Gunslinger? Saber rattler? The accusation pains the President. But he is convinced that the Soviets went back to Geneva because they felt it was finally in their interest. “We had unilaterally disarmed so over the years that there wasn’t any reason for the Soviet Union to give in . . . We are showing a determination to maintain a national defense policy. They hadn’t seen that before. And I think they knew that we were looking at them realistically, and then I think the crowning thing was our going forward with research to see if there was a defensive weapon.”

But if the idea has taken hold that Reagan is now ready to rush around the world to seek a summit with his Soviet counterpart, forget it. “I don’t think there’d be any point in just having a get-acquainted meeting,” said Reagan. “No, I’ve never been to (the Soviet Union). Looking out the window (of the White House) at all this snow, I’d rather pick a better place (than Russia)– like the Bahamas.”
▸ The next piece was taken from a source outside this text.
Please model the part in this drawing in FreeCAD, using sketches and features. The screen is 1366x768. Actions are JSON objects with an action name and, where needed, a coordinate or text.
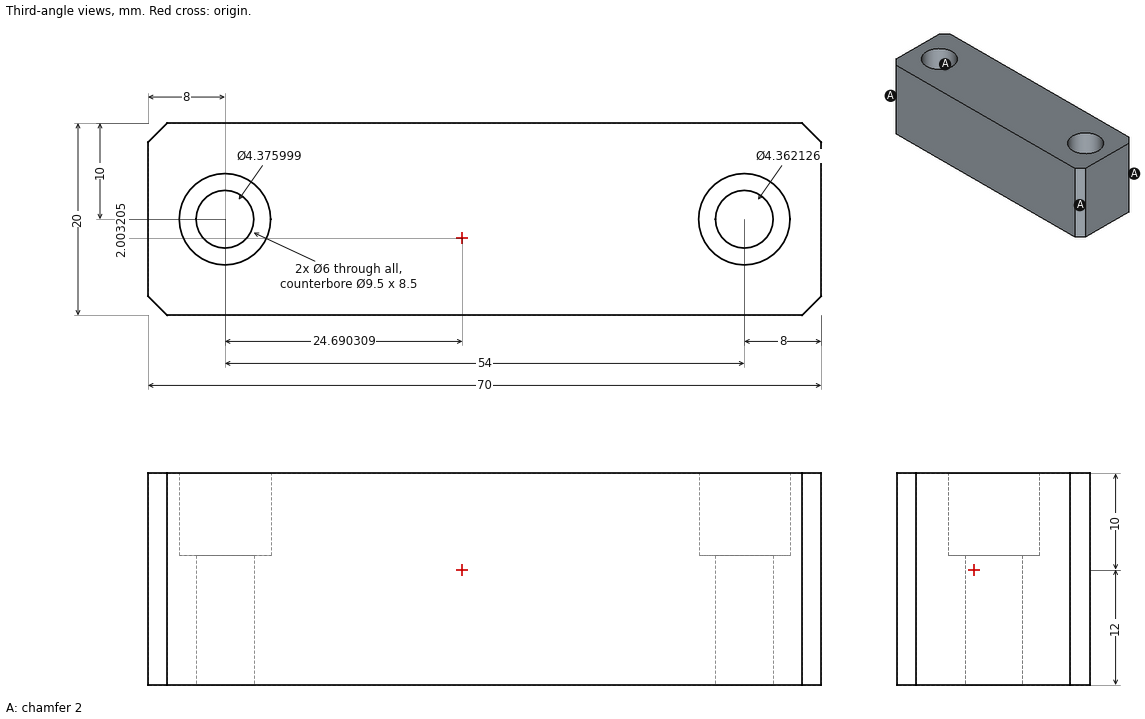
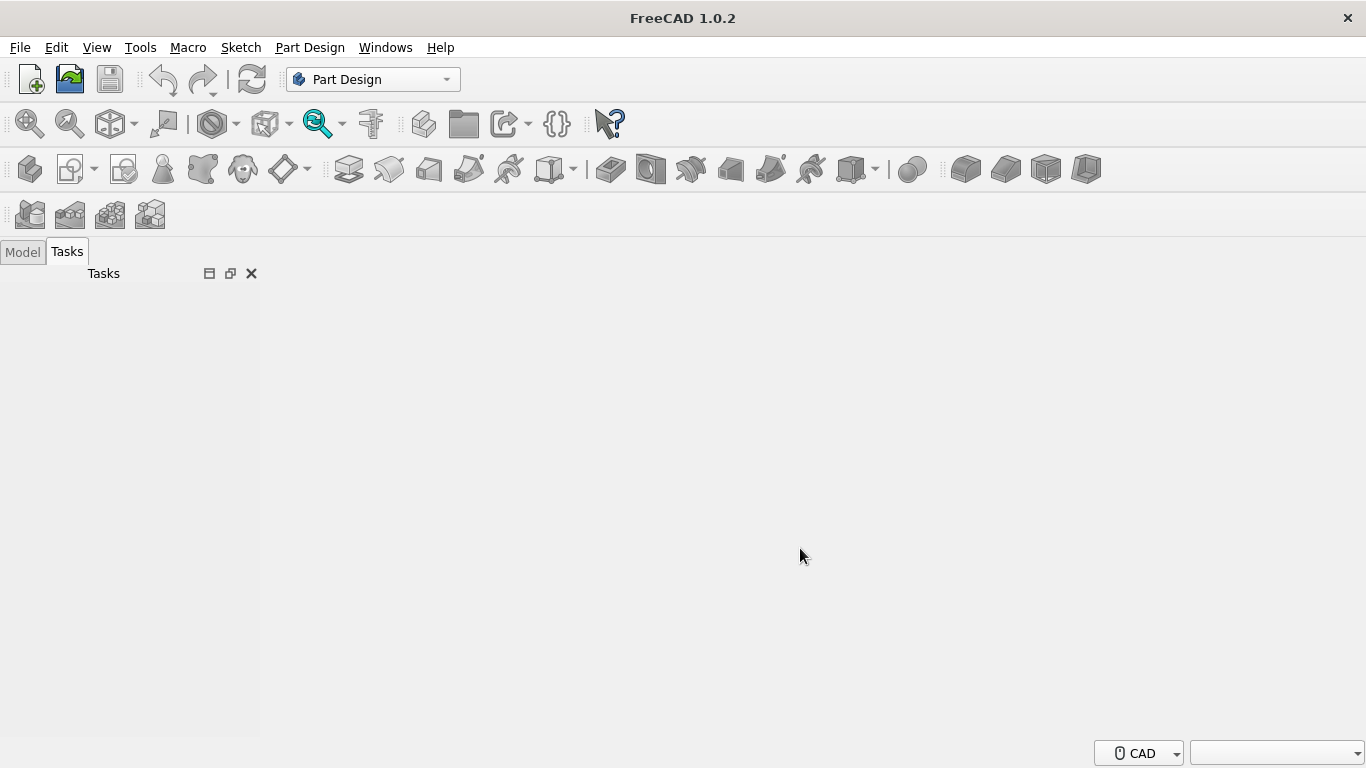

Nor did the President take back any of his tough statements of a couple of years ago (an evil empire that reserves the right “to lie, to cheat”). “I think all those served a purpose. In the past we’ve dealt with them on a mirror-image basis–that, well, gee, they’re just like us. And if they see that we’re nice, why, they’ll be nice too. I thought it was time that we (talked straight).”

There is much of the poker player about Reagan, sitting there across the table and trying to figure out what is going on behind the other player’s eyes. “They have to have a pretty healthy respect for our technology and our industrial might. They’ve been behind once, when we were the only ones that had the weapon. They didn’t like it.”

Reagan holds his Star Wars card with relish. But there is no threat in his voice; there never is. The Soviets do not seem to understand that. Reagan may sense their concern.

He continued: “All we’re doing is research. And if they really mean it about wanting to eliminate the threat of these weapons and if research can bring us the idea of a weapon that makes these others obsolete, then it’s good for them and good for us . . . I wish that they would go forward with the same thing themselves because if both of us knew that we could stop the other fellow’s missiles we wouldn’t have to have them any more.”

Peace, real peace with the absence of the hideous nuclear threat. That dream hangs out there beyond the fingertips of this President as it has all the others. It seems sometimes to recede just about the moment a President thinks it is in his grasp. Yes, he said, once the new negotiations begin he will concentrate heavily on arms control. “There will be constant communication about what is being said,” Reagan declared. “And decisions will have to be made about what is a fair trade or not. My one principle about the talks is that we will not send negotiators over there and say, ‘At whatever price, get an agreement.’ “

Something stirs in this 40th President despite all his caution and his continuing tough-guy stance. He is asked the chances of being remembered as a peacemaker. “Well,” he replied, “I have to hope that they’d be pretty good because the alternative is so terrible to think of.”